I would look at the images you shot, figure out a common focal length and do my tuning there.
As for the fine tune itself, I recommend the dot tune technique. Takes just a few minutes and you don't need to take even a single picture.
In short, set up a nice focus target a good distance away, subject distance matters as well as focal length, you can cheat a bit using extension tubes for this one. 50x focal length seems to be the preferred setup but if your shots are near infinity, might need an extension tube to cheat that part a bit.
Anyhow, the basic work flow goes like this. Get everything locked down rock solid and pointed at your target, then get a live view absolute focus. Either using af or manual. Once it's locked in, switch the body or lens or both to manual only focus so it will stay put.
Next go in the menus and verify 0 fine tune.

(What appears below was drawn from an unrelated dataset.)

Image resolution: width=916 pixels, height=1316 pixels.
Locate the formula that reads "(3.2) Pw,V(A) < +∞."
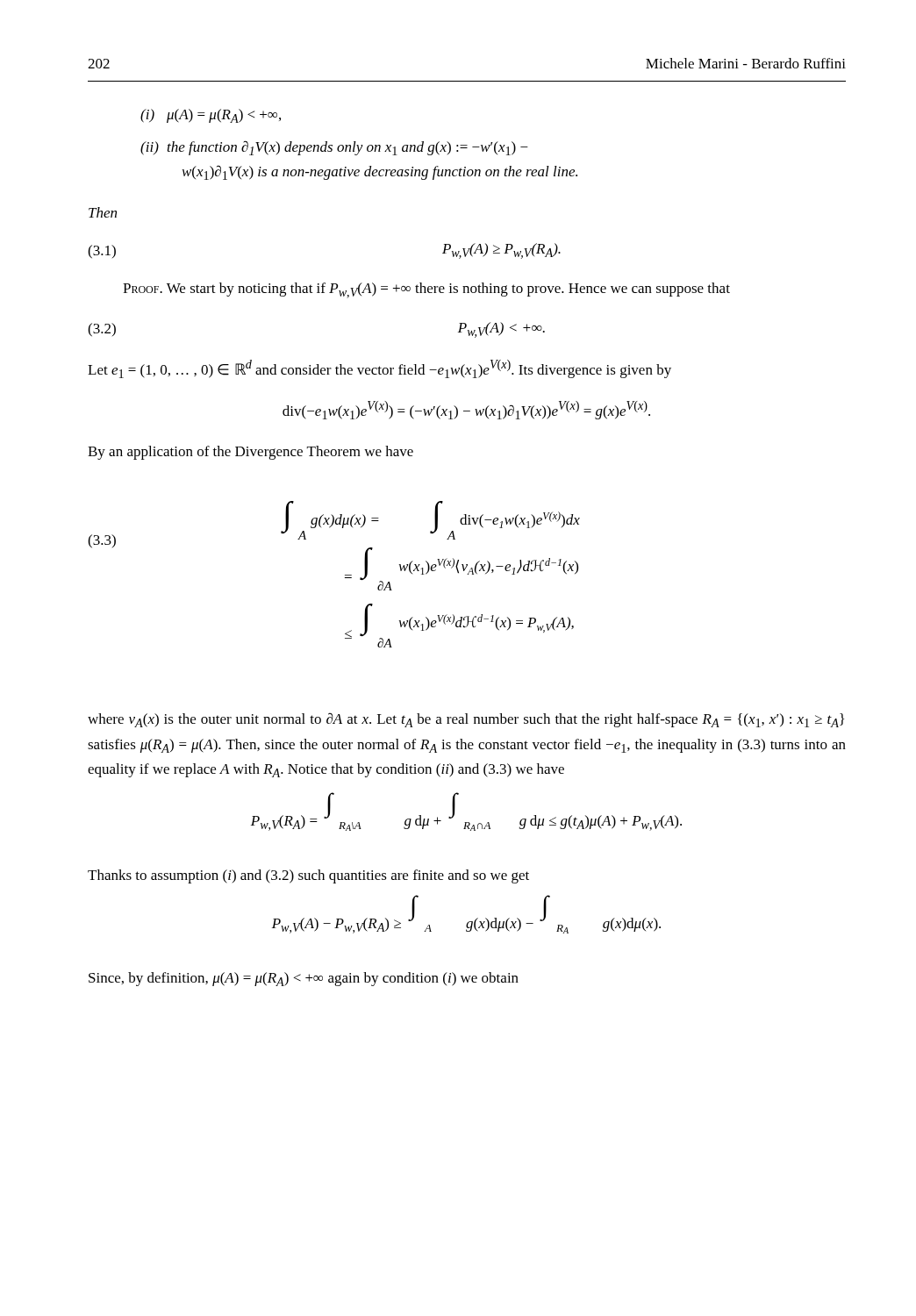pyautogui.click(x=467, y=329)
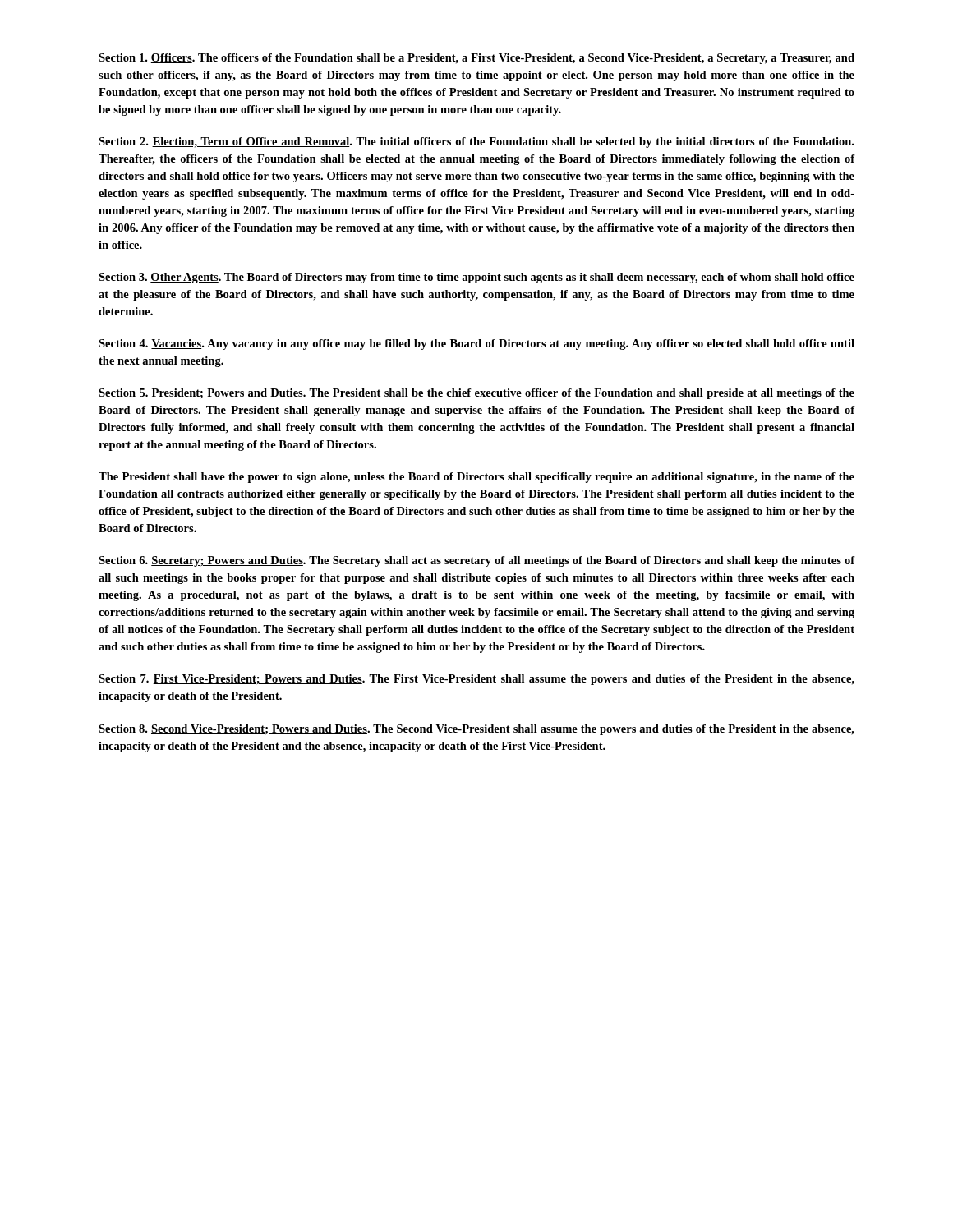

I don't know about canon stuff but on my nikon you can half press the shutter or the af-on and the focus indicator will light up and it will either be a steady dot for 5 seconds or it will have some sort of fiddly behavior, perhaps with an arrow telling me which way to move the fine tune.
If you are solid for a good 5 seconds at 0, it's worth jumping to say +10 and checking. If that's invalid, work back one by one. Find the upper limit of stable focus. Then jump to -10 and do the same. If that's stable, jump farther down to -15 or whatever until you find something unstable, then work back to 0. Basically you are finding the range, and once you know the range say... +8 to - 4 you want to dial in the af fine tune at the midpoint.
If you are not stable at 0, you just need to skip around until you find something stable, make that your new base and find the range around it using the method described for 0. Your lens may be +13 to +4. Find the midpoint and that's your fine tune value. Keep in mind that with a zoom it can change depending on focal length and distance to target. The best you can hope for is a happy balance that works in most situations or a spot on solution that works for one specific situation.
dot tune example
Hope this helps.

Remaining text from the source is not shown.